Islam was awarded the fellowship and spent a year looking into how NDM-1 established a presence in the Bangladeshi capital, Dhaka. "If we can identify the source of antimicrobial resistance and control it locally, I think it can be controlled in other parts of the world and there will be less frequent dissemination of so-called superbugs," he said. The CDC has called antibiotic-resistant superbugs "a major global threat," and former U.N. Secretary General Ban Ki-moon told the U.N. General Assembly that antimicrobial resistance poses a "fundamental threat to human and animal health and sustainable development, to sound economies and social cohesion."
Islam hypothesized that there would be a high frequency of NDM-1-producing bacteria in the environment in Dhaka, particularly near hospitals, which discharge liquid waste directly into the sewage system. After analyzing waste water and tap water samples that he collected around Dhaka, Islam found that NDM-1 or the bacteria that produce it, were present in half the effluent samples. That finding, he said, is alarming in a city like Dhaka, where up to 100,000 people are packed into a square mile in the city's slums, clean drinking water is scarce, sanitary infrastructure is lacking, and antibiotics, which can be obtained without a prescription, are often misused.

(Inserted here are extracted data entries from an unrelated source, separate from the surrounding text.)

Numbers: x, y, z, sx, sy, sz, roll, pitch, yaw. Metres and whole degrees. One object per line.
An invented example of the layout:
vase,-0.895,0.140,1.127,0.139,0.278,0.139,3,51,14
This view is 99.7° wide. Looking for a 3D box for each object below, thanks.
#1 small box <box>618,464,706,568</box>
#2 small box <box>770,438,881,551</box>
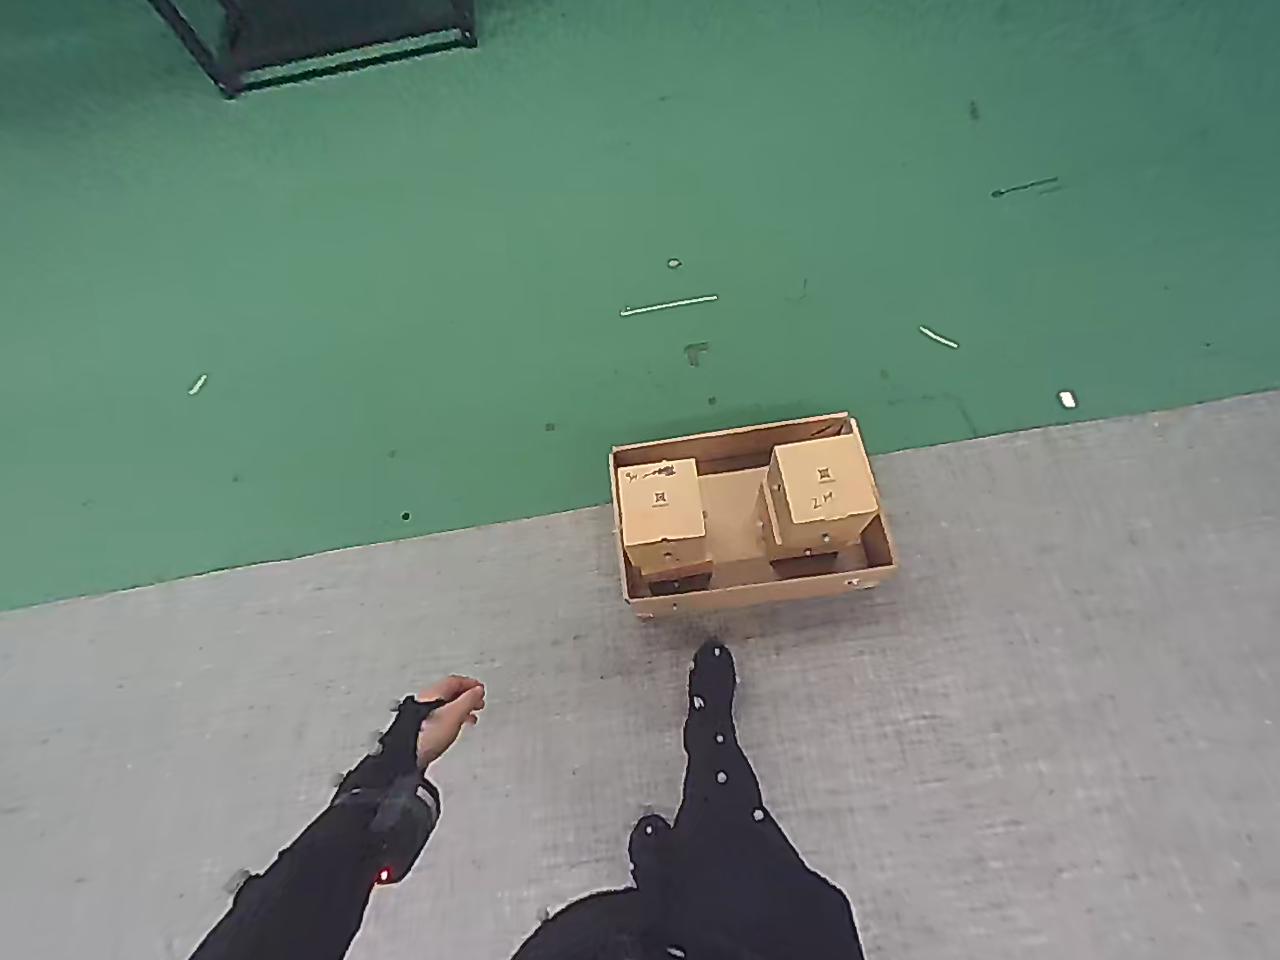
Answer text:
small box,0.051,0.085,1.154,0.168,0.176,0.179,-7,67,3
small box,0.378,0.034,1.138,0.168,0.176,0.179,-9,67,4
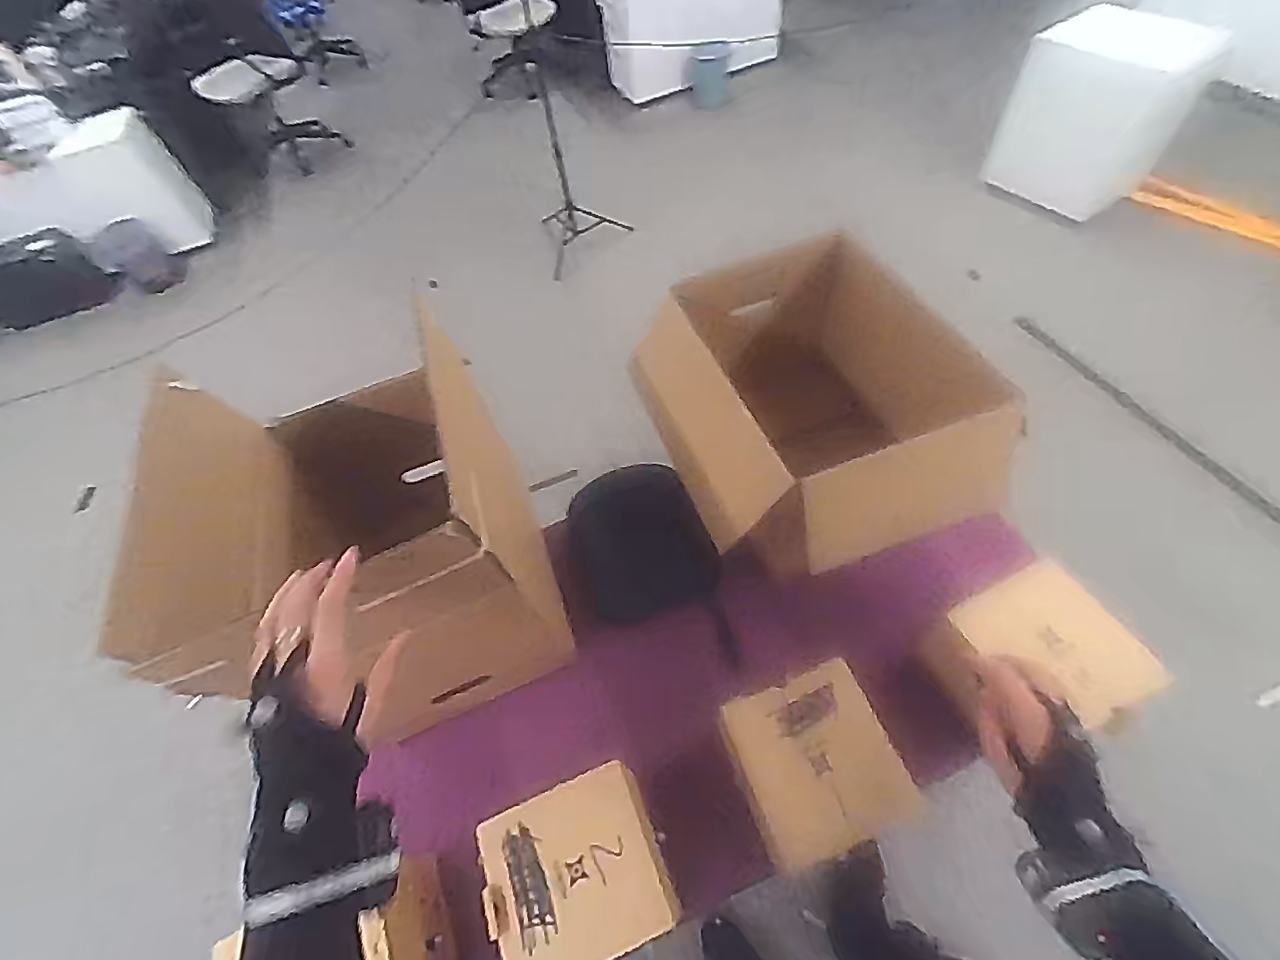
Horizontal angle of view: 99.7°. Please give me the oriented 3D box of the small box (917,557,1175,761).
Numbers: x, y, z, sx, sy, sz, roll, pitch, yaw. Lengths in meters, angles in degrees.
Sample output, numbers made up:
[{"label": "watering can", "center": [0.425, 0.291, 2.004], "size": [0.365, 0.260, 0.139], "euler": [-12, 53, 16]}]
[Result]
[{"label": "small box", "center": [0.501, 0.237, 0.704], "size": [0.168, 0.176, 0.179], "euler": [-26, 57, -7]}]

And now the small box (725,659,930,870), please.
[{"label": "small box", "center": [0.212, 0.353, 0.673], "size": [0.168, 0.176, 0.179], "euler": [-20, 57, -5]}]

His fellowship has not only produced actionable results but also given Islam the opportunity to spend time at Stanford University and the University of California, Berkeley, working with experts in antimicrobial resistance research. There, Islam says he was able to benchmark his research activities against findings of renowned international scientists, and set goals for his future and that of research in Bangladesh. He also mastered a modeling technique that he subsequently applied in his lab at the International Centre for Diarrhoeal Disease Research, Bangladesh (ICDDR,B).
A key benefit of his Fogarty fellowship is that it has led to several other grants. For instance, Islam was named principal investigator on an NIH grant that is studying multidrug-resistant urinary tract infections (UTI) caused by E. coli in Bangladesh, and whether E. coli is transmitted from poultry to humans. "Because we use antibiotics massively in Bangladesh to treat infection and as a growth promoter in poultry, we have a high burden of antimicrobial-resistant E. coli in poultry," Islam explained. "We also have a high burden of UTI caused by multidrug-resistant E. coli in humans."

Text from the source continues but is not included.